QUESTION: Which relation is NOT a function? Okay, I think I got the answer, but I'm not sure. need help plzz?

Question

Okay, here are the choices:

1) y= 2x + 4
2) y= x^2 - 4x + 3
3) x = 3y - 2
4) x= y^2 +2y - 3

Which is NOT a function?

Okay, so
it's not number one b/c no. 1 is a function. I put the equation in my calc. and on the graph, i got a line. so i did the vertical line test and it only passes it once- so it IS a function.

not no. 2 b/c tht is a function as well. same thing- put in calc. got a parabola- vert. line test- only pass once- IT IS A FUNCT.

not no. 3 because after i solved for Y. put in calc--same thing- vert line test- passed once- so it is a function...

no 4....i do not get how to solve for Y.....i did: ADD 3 on both sides...got x +3 = y^2 + 2y...then divided by 2, got x + 3 = y^2...square root that??????? can someone help me with tht IF i did it so far....

help....again, i am supposed to tell which is not a FUNCTION and WHY?

thanks !!!!!!!!! :)
xoxo
xoxo

Answer 1

You are right.
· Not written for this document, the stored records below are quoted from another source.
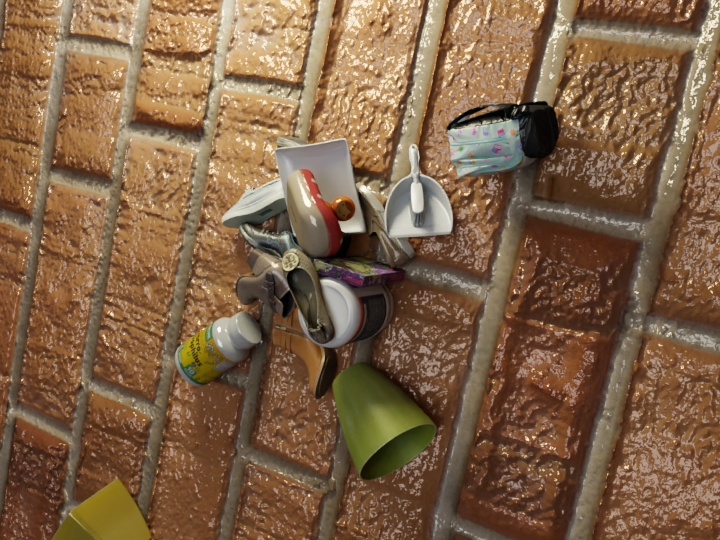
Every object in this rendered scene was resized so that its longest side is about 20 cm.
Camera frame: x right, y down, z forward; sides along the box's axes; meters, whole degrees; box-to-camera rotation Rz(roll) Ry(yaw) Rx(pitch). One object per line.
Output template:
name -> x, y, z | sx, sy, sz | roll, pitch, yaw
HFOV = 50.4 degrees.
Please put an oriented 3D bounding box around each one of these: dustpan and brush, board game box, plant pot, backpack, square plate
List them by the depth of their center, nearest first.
backpack -> 0.262, -0.249, 1.459 | 0.198, 0.166, 0.128 | -5, 95, 33
board game box -> 0.000, 0.000, 1.571 | 0.119, 0.200, 0.033 | 14, 99, 26
dustpan and brush -> 0.115, -0.169, 1.577 | 0.138, 0.057, 0.202 | -4, 57, 4
plant pot -> 0.029, 0.298, 1.597 | 0.187, 0.186, 0.201 | -48, 57, 20
square plate -> -0.083, -0.175, 1.641 | 0.197, 0.028, 0.202 | -1, 108, 35
plant pot -> -0.656, 0.692, 1.944 | 0.176, 0.200, 0.201 | 39, 108, 7

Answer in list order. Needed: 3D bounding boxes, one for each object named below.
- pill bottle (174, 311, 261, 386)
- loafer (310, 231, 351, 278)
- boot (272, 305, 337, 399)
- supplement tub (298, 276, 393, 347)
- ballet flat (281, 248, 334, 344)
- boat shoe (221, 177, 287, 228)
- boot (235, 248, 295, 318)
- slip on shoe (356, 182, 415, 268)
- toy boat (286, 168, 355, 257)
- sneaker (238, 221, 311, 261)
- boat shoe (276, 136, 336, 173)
pill bottle -> -0.330, 0.180, 1.793 | 0.199, 0.113, 0.114 | -32, 78, 24
loafer -> -0.087, -0.005, 1.654 | 0.072, 0.073, 0.201 | 30, 109, 18
boot -> -0.133, 0.178, 1.712 | 0.154, 0.077, 0.202 | 6, 92, 25
supplement tub -> -0.025, 0.080, 1.586 | 0.139, 0.200, 0.142 | 1, 92, 27
ballet flat -> -0.107, 0.049, 1.488 | 0.067, 0.046, 0.202 | -26, 78, 25
boat shoe -> -0.238, -0.157, 1.767 | 0.199, 0.070, 0.072 | -21, 63, 27
boot -> -0.208, 0.051, 1.716 | 0.146, 0.070, 0.201 | 45, 142, 23
slip on shoe -> 0.037, -0.096, 1.617 | 0.060, 0.076, 0.201 | -36, 82, 1
toy boat -> -0.073, -0.119, 1.566 | 0.131, 0.129, 0.201 | 93, 161, -44
sneaker -> -0.190, -0.061, 1.747 | 0.199, 0.073, 0.082 | 35, 90, 16
boat shoe -> -0.107, -0.239, 1.695 | 0.199, 0.074, 0.074 | 26, 113, 32
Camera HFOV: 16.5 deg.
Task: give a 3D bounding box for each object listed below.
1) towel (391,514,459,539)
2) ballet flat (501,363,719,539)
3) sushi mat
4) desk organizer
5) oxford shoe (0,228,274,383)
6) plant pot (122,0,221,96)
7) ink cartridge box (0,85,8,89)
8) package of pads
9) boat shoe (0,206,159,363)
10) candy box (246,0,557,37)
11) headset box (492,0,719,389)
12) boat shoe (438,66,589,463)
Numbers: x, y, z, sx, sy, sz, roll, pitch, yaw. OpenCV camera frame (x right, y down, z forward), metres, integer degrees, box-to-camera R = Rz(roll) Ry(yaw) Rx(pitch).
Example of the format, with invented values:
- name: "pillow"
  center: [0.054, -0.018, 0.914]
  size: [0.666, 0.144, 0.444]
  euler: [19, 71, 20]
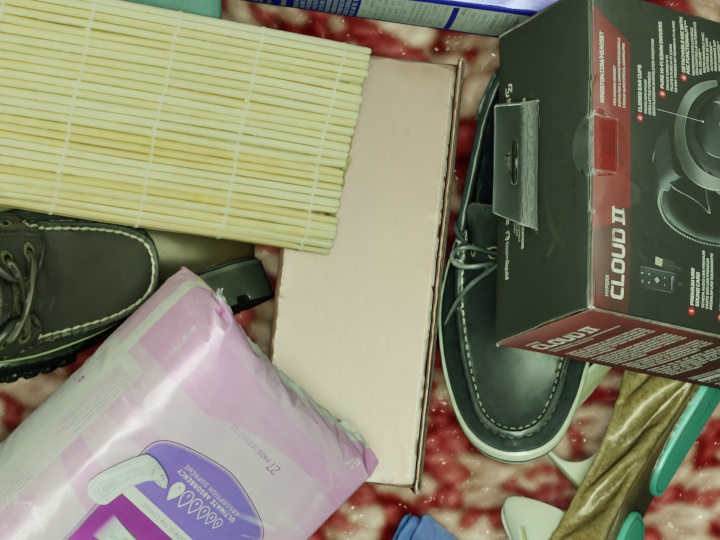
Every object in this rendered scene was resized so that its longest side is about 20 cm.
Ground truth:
- name: "towel"
  center: [0.083, 0.206, 1.141]
  size: [0.199, 0.145, 0.024]
  euler: [33, 125, -2]
- name: "ballet flat"
  center: [0.110, 0.101, 1.169]
  size: [0.072, 0.068, 0.201]
  euler: [21, 76, 20]
- name: "sushi mat"
  center: [-0.087, -0.065, 1.081]
  size: [0.199, 0.012, 0.097]
  euler: [8, 93, -31]
- name: "desk organizer"
  center: [0.000, 0.000, 1.170]
  size: [0.076, 0.072, 0.202]
  euler: [6, 88, 0]
- name: "oxford shoe"
  center: [-0.147, 0.004, 1.166]
  size: [0.198, 0.073, 0.085]
  euler: [-17, 86, -16]
- name: "plant pot"
  center: [-0.131, -0.157, 1.140]
  size: [0.140, 0.141, 0.202]
  euler: [-12, 98, -3]
- name: "ink cartridge box"
  center: [-0.244, -0.107, 1.116]
  size: [0.067, 0.117, 0.200]
  euler: [-28, 68, -32]
- name: "package of pads"
  center: [-0.102, 0.107, 1.076]
  size: [0.200, 0.076, 0.121]
  euler: [-44, 118, -1]
- name: "boat shoe"
  center: [-0.169, 0.013, 1.065]
  size: [0.199, 0.065, 0.074]
  euler: [-10, 104, -31]
- name: "candy box"
  center: [0.043, -0.203, 1.176]
  size: [0.198, 0.077, 0.171]
  euler: [7, 87, -4]
- name: "headset box"
  center: [0.145, -0.032, 1.120]
  size: [0.199, 0.077, 0.150]
  euler: [11, 71, -29]
- name: "boat shoe"
  center: [0.075, -0.011, 1.164]
  size: [0.074, 0.062, 0.202]
  euler: [6, 80, 8]
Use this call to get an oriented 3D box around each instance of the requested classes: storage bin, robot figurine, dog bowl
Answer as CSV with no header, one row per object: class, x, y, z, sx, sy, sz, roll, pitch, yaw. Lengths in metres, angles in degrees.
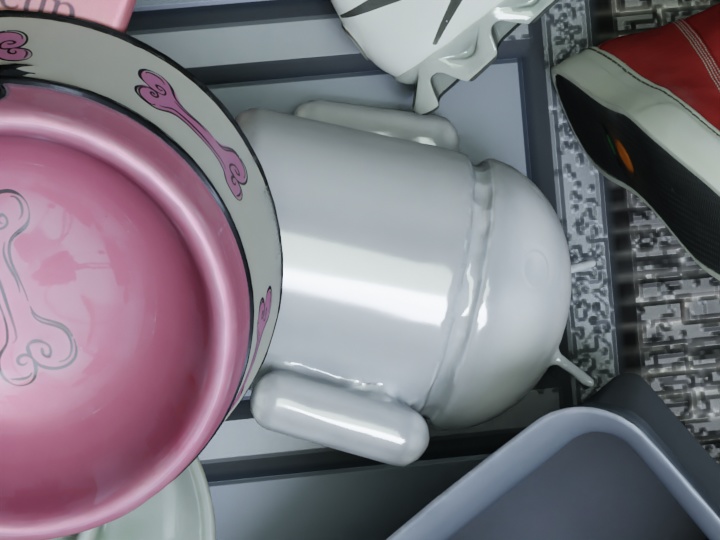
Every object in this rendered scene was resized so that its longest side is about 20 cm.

Here is a trick on number 4.

Since you cannot graph x=y^2+2y+3

You can graph y=x^2+2x+3. (switch x and y)

If you take your graph and turn your calculator 90degrees (on its side) you will see what x=y^2+2y + 3 would look like.

When you learn inverses this trick will make sense.

Answer 2

4) x= y^2 +2y - 3
y = [ -2 +/- sqrt(2^2 -4(1)(-3-x))]/2
Thus one value of x can produce two values of y which violates the definition of a function and violates the vertical line test.

Answer 3

the fourth one is not a function because for every x value, there is more than one y value (meaning it does not pass the vertical line test)

x = y^2 + 2y - 3 = (y + 3) (y-1)

can you see how there is more than one y value for every x value?

Answer 4

number 4 is not a function.. This will produce a sideways parabola, since x and y are backwards in the traditional sequence of a quadratic equation. Therefore, many values of x will have two values of y.

Answer 5

try factoroing it